### Input
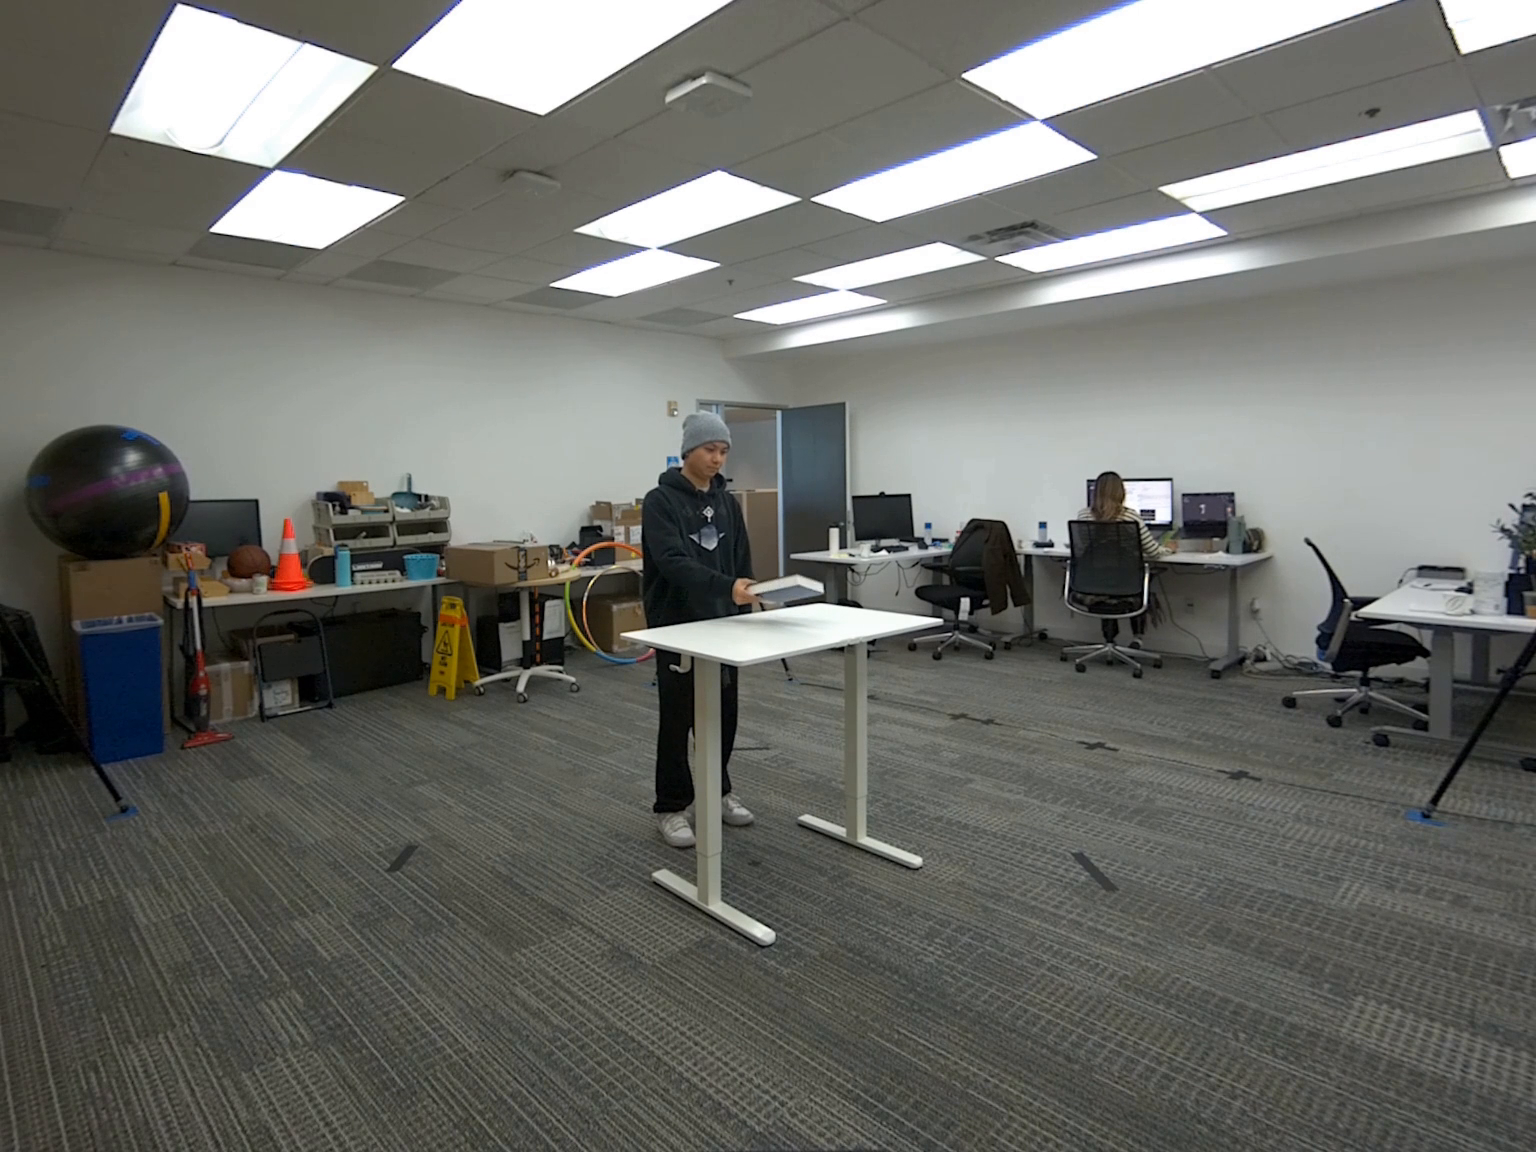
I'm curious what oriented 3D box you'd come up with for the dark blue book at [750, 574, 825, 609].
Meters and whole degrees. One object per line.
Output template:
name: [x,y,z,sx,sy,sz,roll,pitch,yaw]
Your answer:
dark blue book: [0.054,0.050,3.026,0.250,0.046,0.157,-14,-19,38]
######
### Input
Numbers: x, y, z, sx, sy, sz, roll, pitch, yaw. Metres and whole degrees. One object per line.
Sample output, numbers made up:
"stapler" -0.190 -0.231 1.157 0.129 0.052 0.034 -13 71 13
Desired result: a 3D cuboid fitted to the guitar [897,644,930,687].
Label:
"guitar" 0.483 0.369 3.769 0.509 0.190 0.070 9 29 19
######
■ **What to produce**
Go through the data above and return each line containing the string "roll".

■ **Answer section**
name: [x,y,z,sx,sy,sz,roll,pitch,yaw]
Numbers: x, y, z, sx, sy, sz, roll, pitch, yaw. Metres and whole degrees. One object per line.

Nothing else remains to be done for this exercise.